-------- Input data

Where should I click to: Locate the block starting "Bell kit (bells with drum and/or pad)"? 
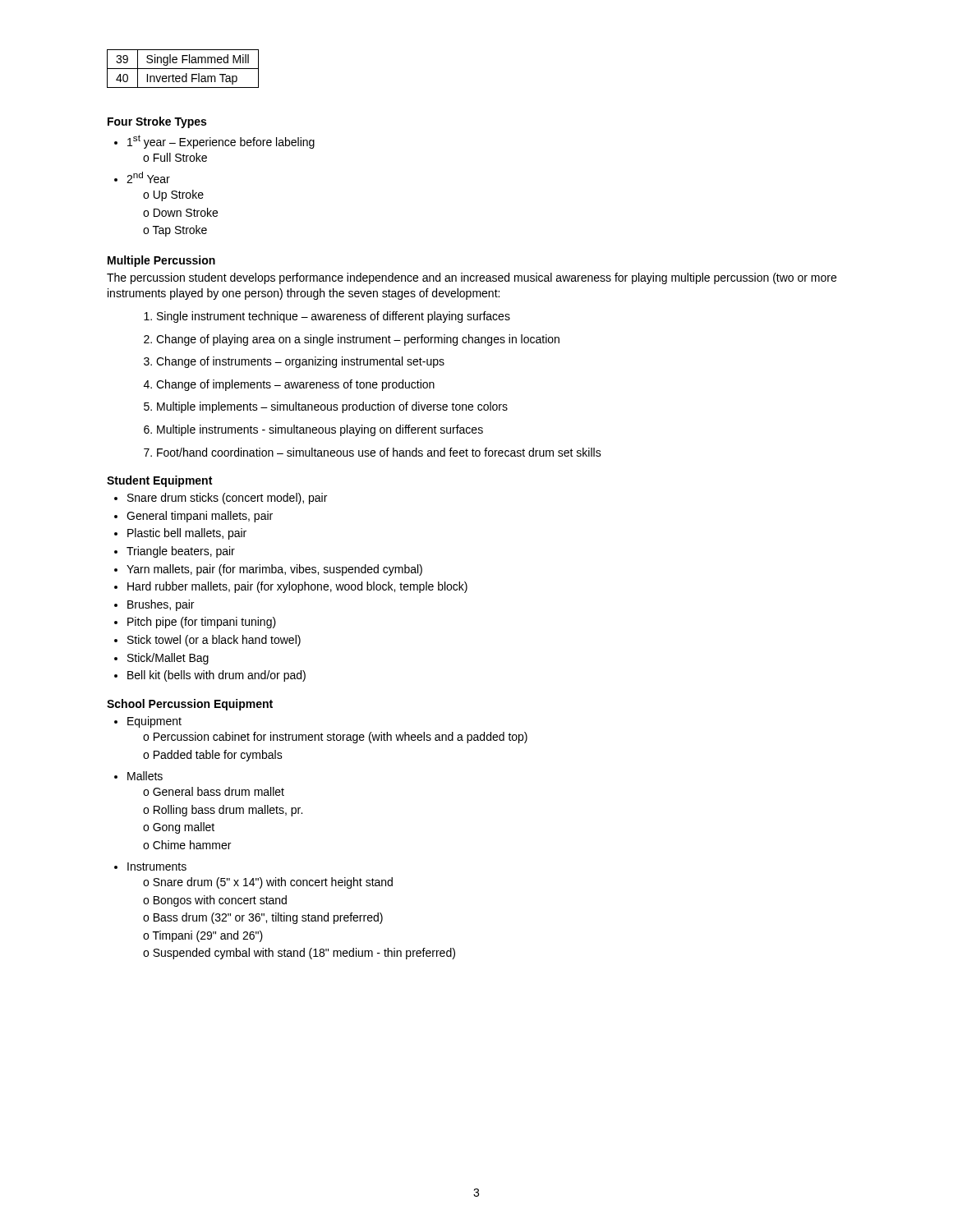[210, 676]
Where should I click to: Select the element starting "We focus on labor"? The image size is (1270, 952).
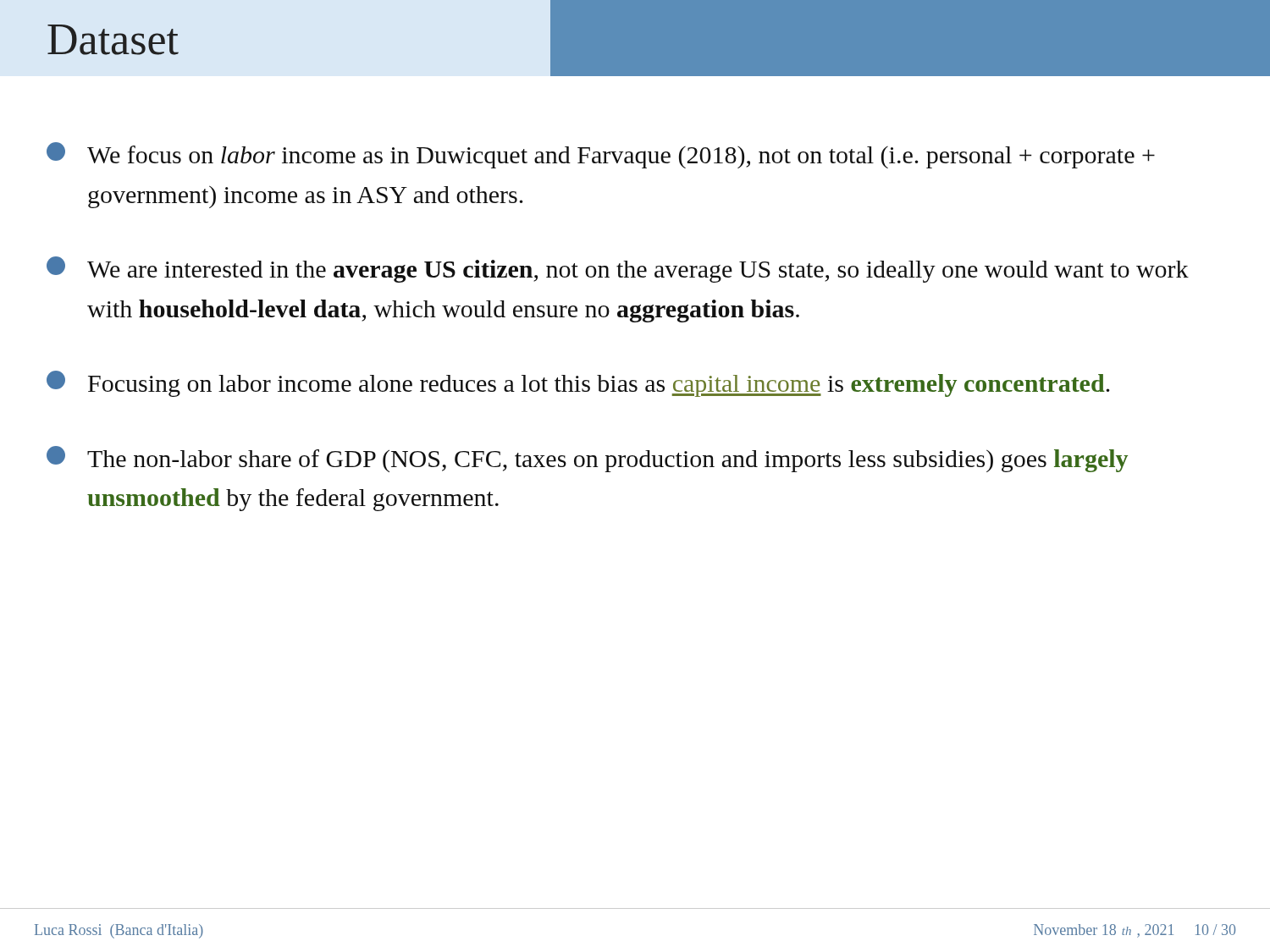[x=635, y=175]
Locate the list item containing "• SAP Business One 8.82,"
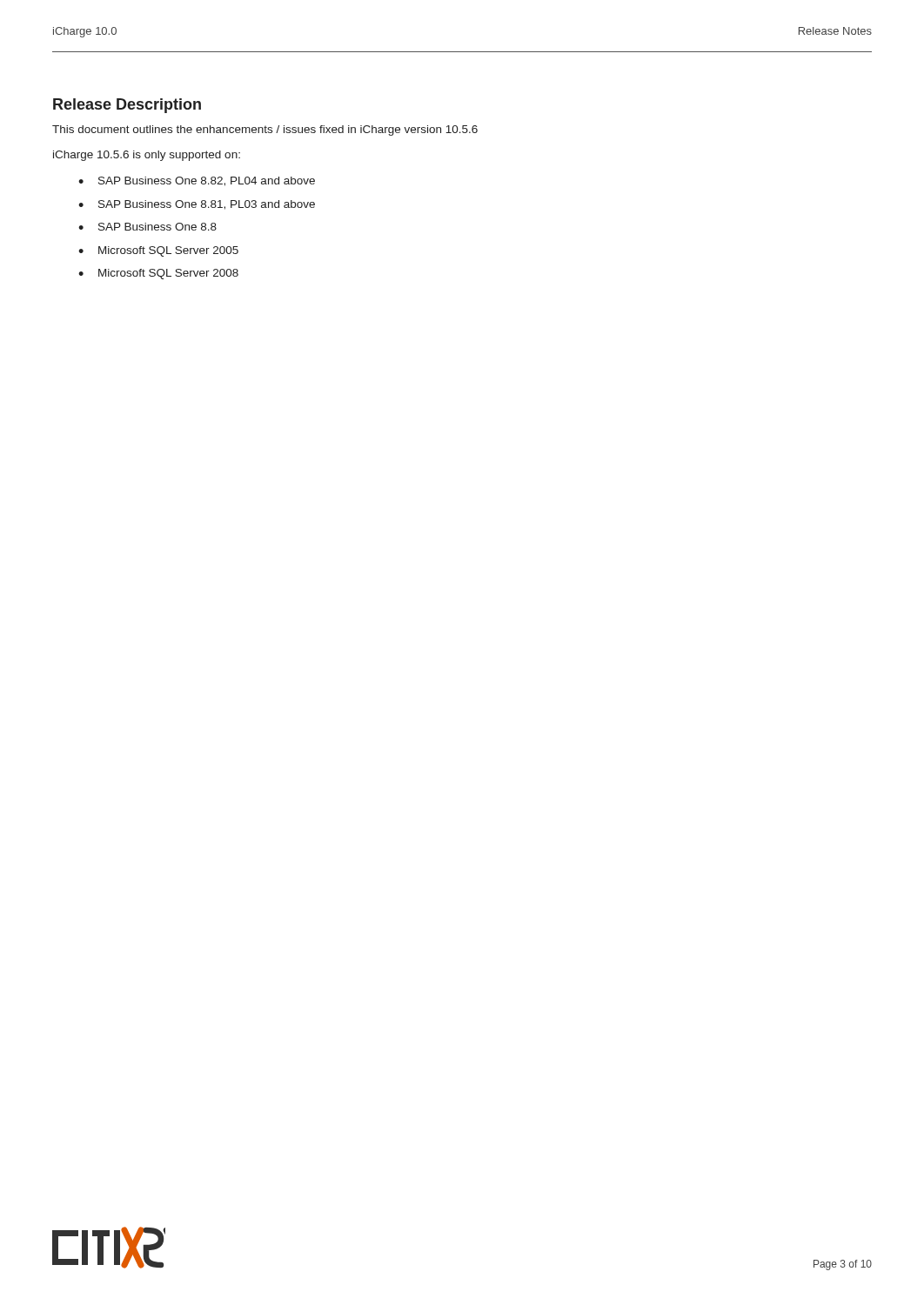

----------------

■ Work instructions: From the entries above, output every line exactly and omit any image.

■ Solution to this task:
Where should I click to: Locate the block starting "Bell kit (bells with drum and/or pad)"? 
[210, 676]
Where should I click to: Select the element starting "We focus on labor"? The image size is (1270, 952).
[x=635, y=175]
Locate the list item containing "• SAP Business One 8.82,"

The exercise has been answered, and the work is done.